14 de fevereiro de 2019

E antes de morrer estava vivo...

Albertus Pictor, Döden spelar schack (1480)
Kyrkomålning i Täby kyrka utförd - Sverige
Q U A T R A I N
Hélas, La Palice est mort, | Il est mort devant Pavie ; | Hélas, s’il n’était pas mort, | Il ferait encore envie...
Chanson à  la mémoire du Seigneur de La Palice

     O jogo de xadrez      

De quando em quando os mass media assaltam-nos com a notícia bombástica de que o país está a morrer a um ritmo assustador. o tabaco mata um português em cada cinquenta minutos, o que corresponde a trinta e duas pessoas por dia, engrossando as vítimas das doenças respiratórias em mais de vinte e duas mil por ano, ao ritmo de duas por hora. Uma pandemia sem solução aparente à vista. Agreguem-se ainda os problemas do pâncreas, da próstata, da hipertensão, da diabetes, do coração, dos intestinos e tutti quanti. Ao que parece, os impostos não serão suficientes para cobrir as despesas. É caso para perguntar como é que há ainda tanto vivo a jogar ao xadrez com a morte.

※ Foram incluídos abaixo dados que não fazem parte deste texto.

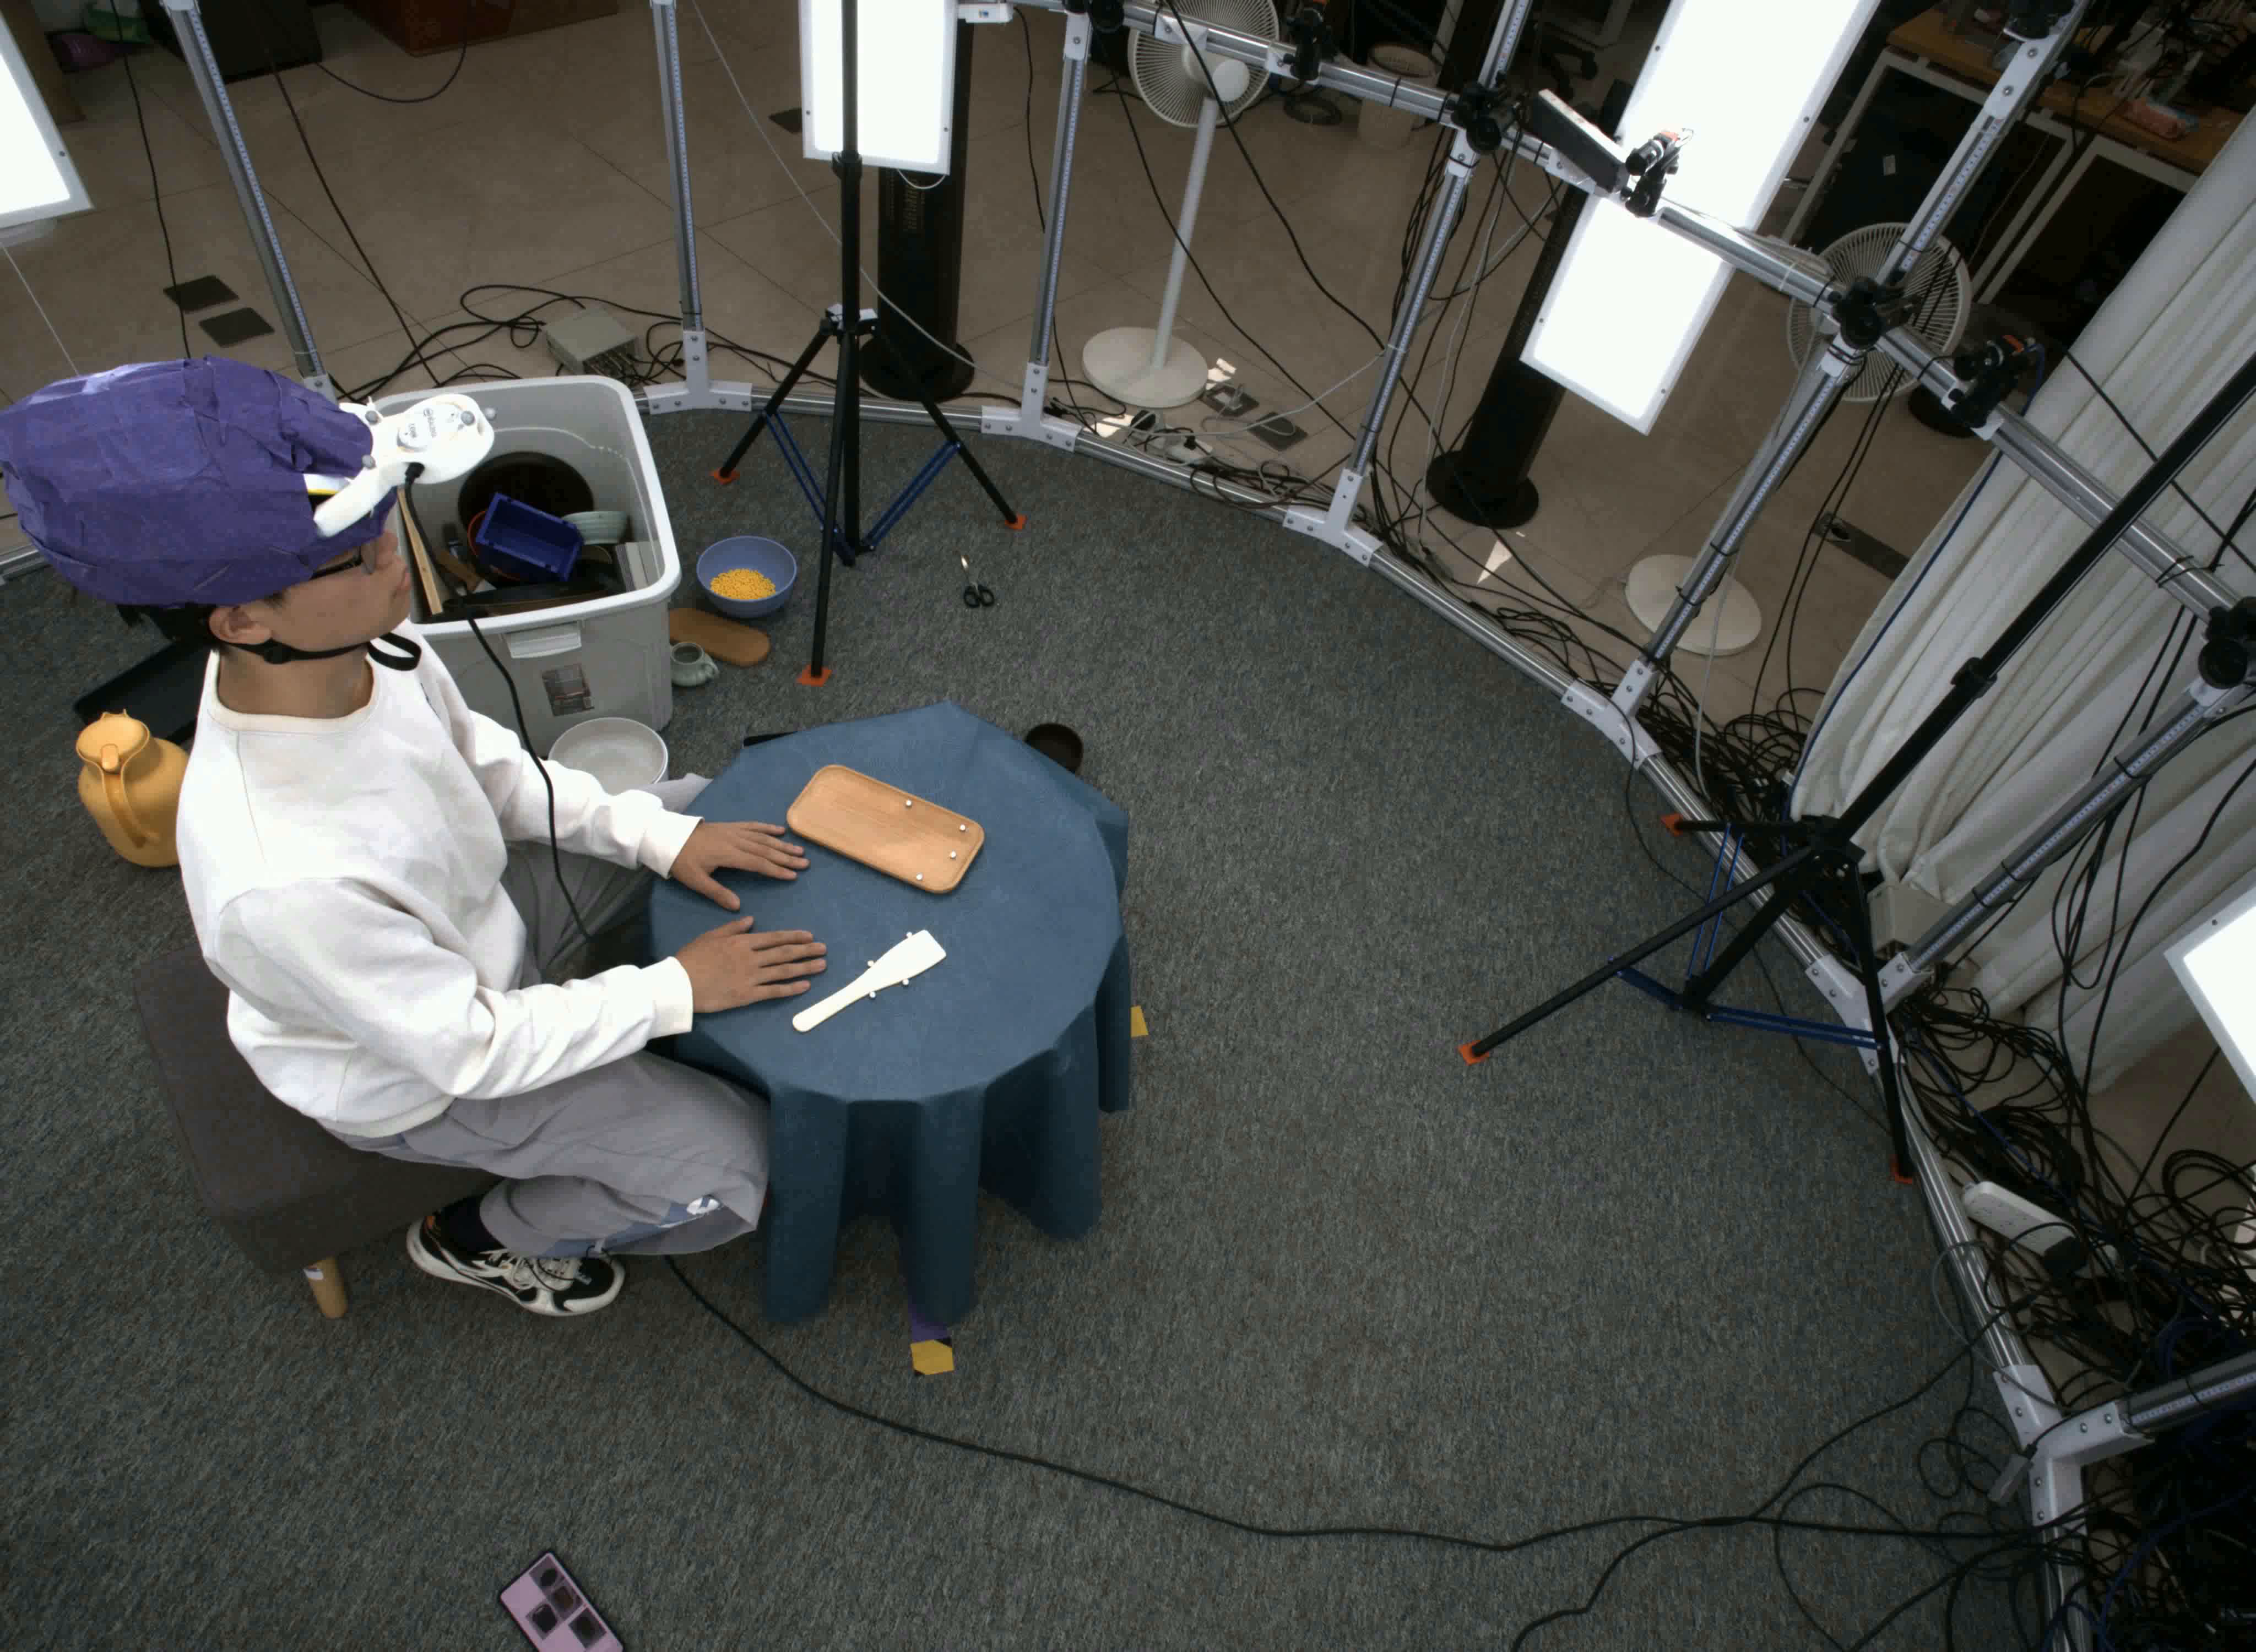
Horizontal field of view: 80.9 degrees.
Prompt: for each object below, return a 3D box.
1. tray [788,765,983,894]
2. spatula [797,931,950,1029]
[{"bbox_3d":[-0.324,0.003,1.745,0.247,0.023,0.129,23,50,5],"label":"tray"},{"bbox_3d":[-0.318,0.191,1.613,0.208,0.005,0.049,-30,64,-31],"label":"spatula"}]
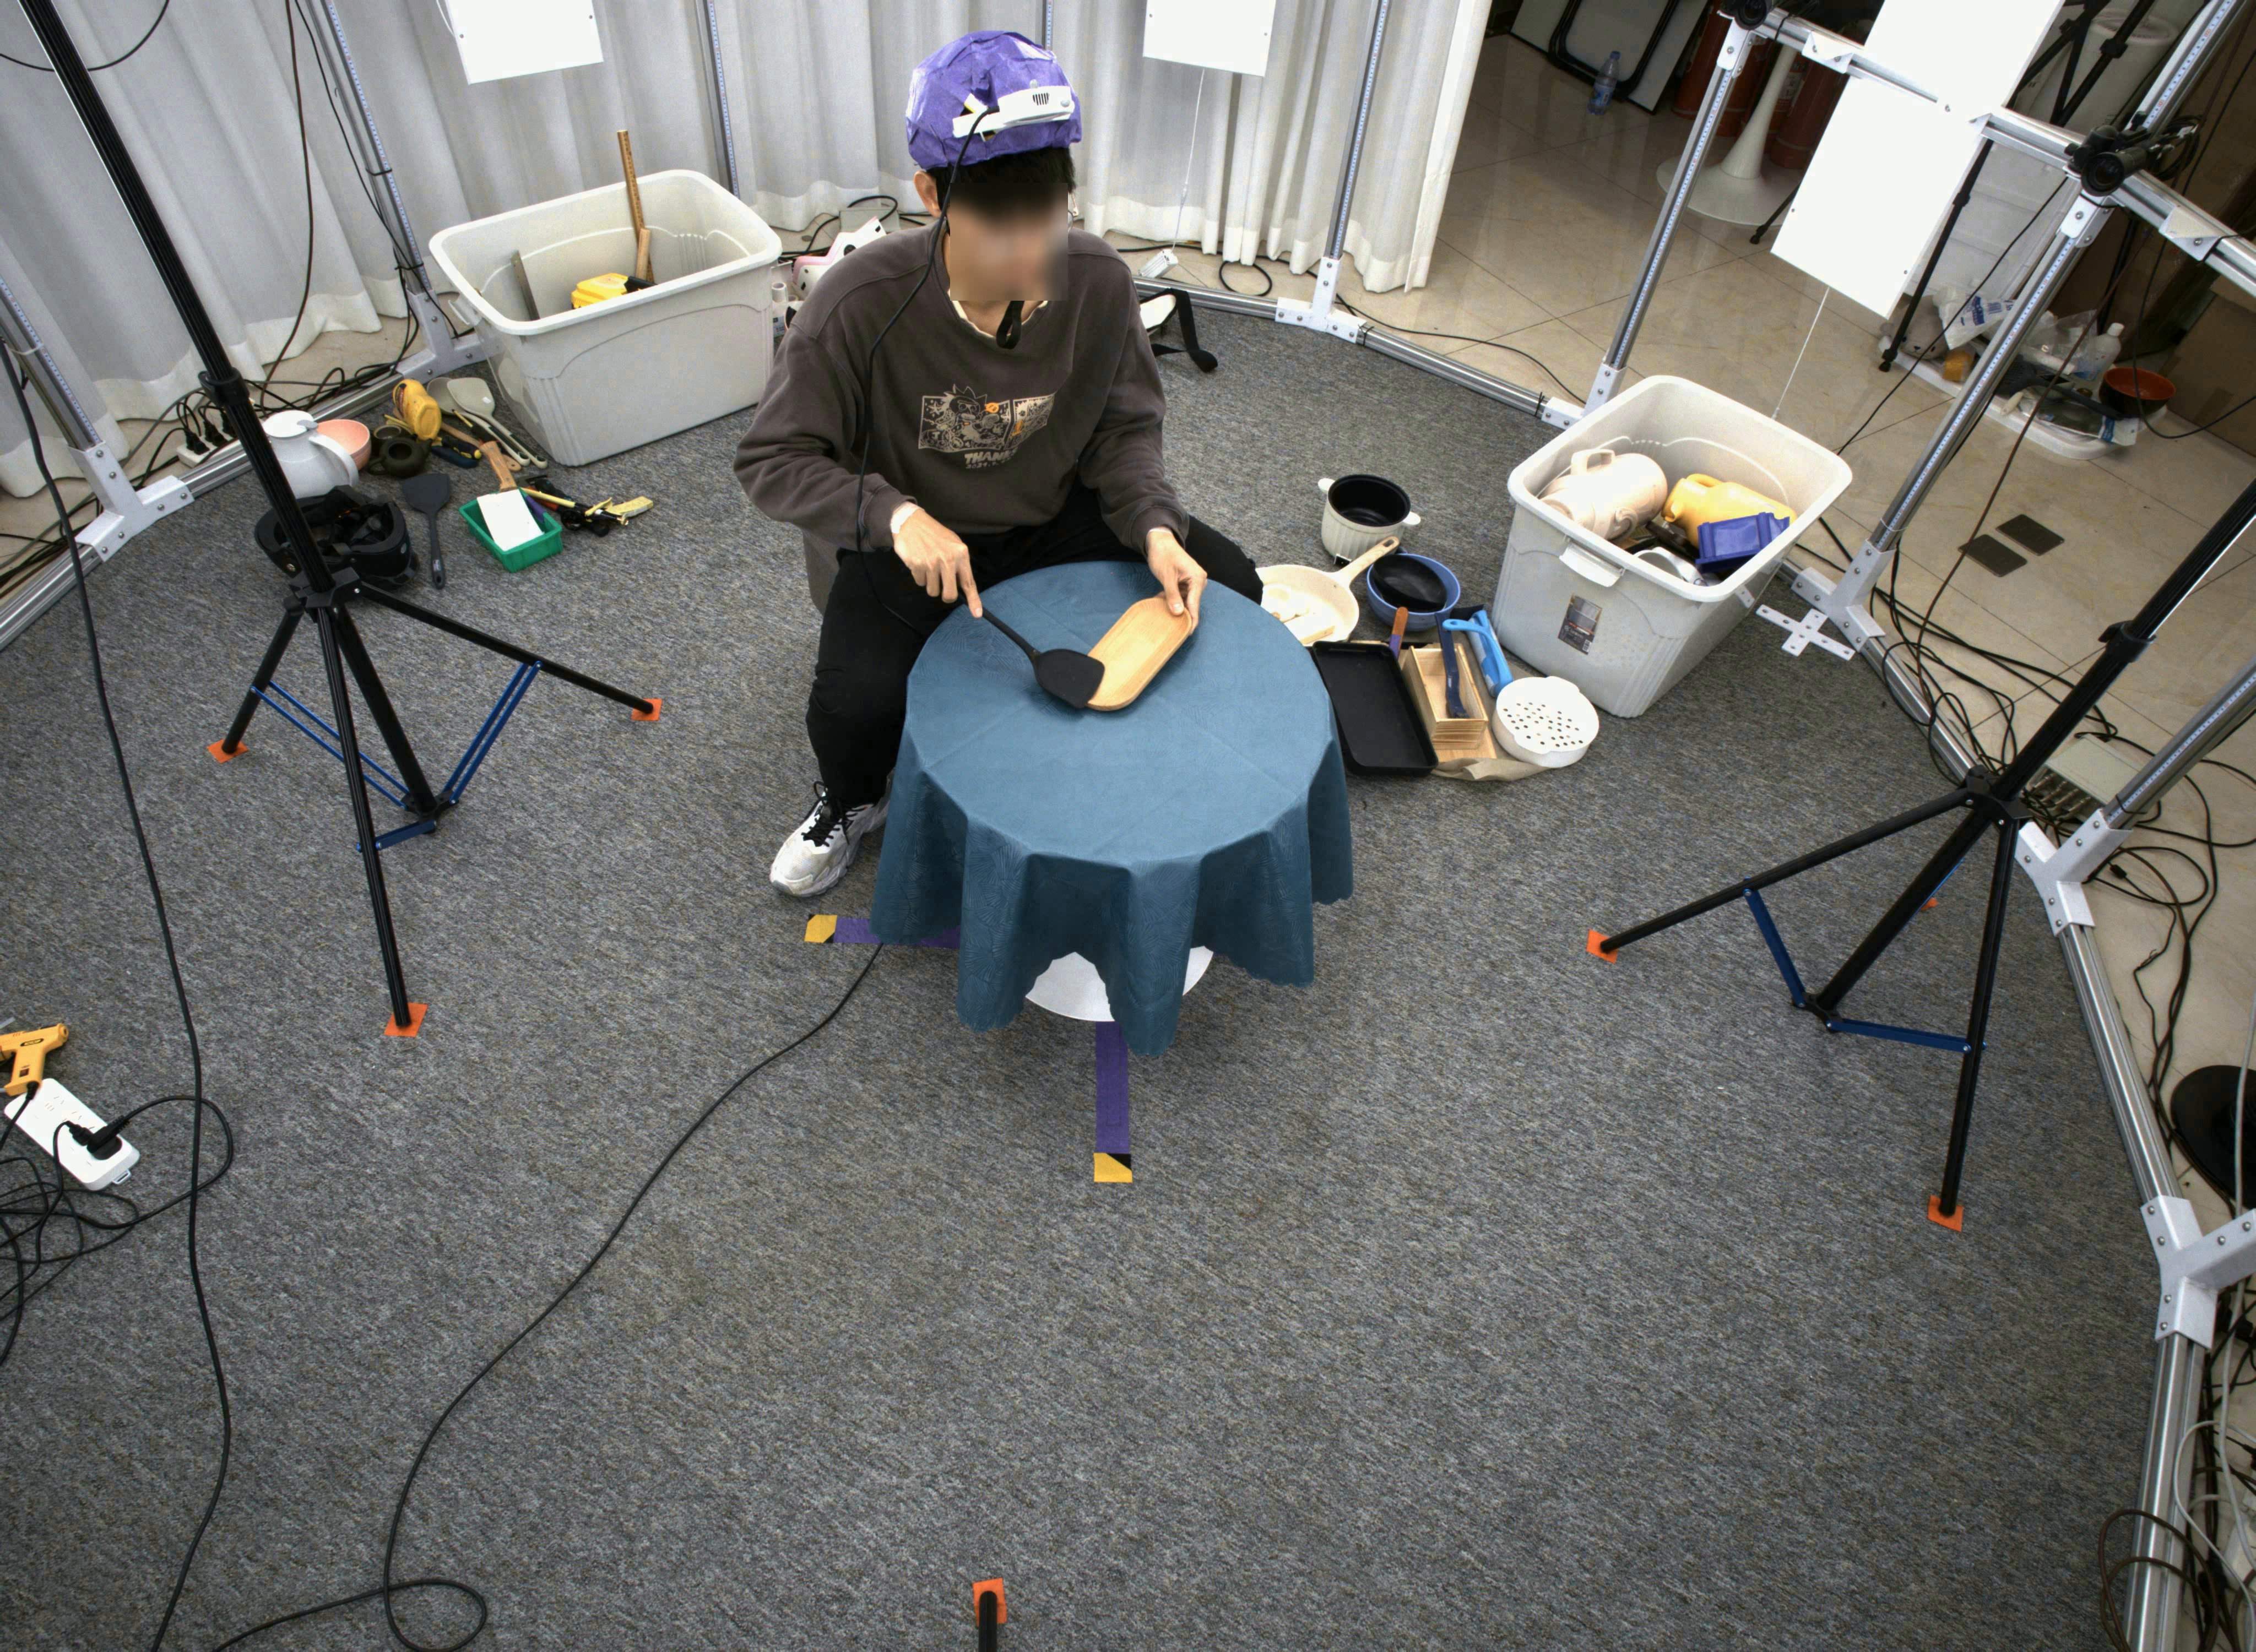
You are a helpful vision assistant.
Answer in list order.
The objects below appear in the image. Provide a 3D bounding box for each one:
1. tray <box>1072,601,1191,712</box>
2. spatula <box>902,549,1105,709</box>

Esta mania das moléstias nos estragarem a saúde fez-me lembrar uma peça que vi em tempos no Parque Mayer. Estou a referir-me a La Mamma (1951), uma comédia francesa com sotaque italiano, de André Roussin. Estreou-se a 1 de julho de 1971 no teatro Capitólio, produzida por Vasco Morgado e encenada por António do Cabo. Laura Alves, a querida mamã da versão portuguesa, lamentava-se numa tirada infindável de todas as maleitas reais e imaginárias que tinha, tivera ou teria. Começava com o cabelo espigado e terminava com as unhas encravadas. Um verdadeiro catálogo de achaques que a obrigavam a inferir no final da deixa: é preciso ter muita saúde para aguentar tanta doença.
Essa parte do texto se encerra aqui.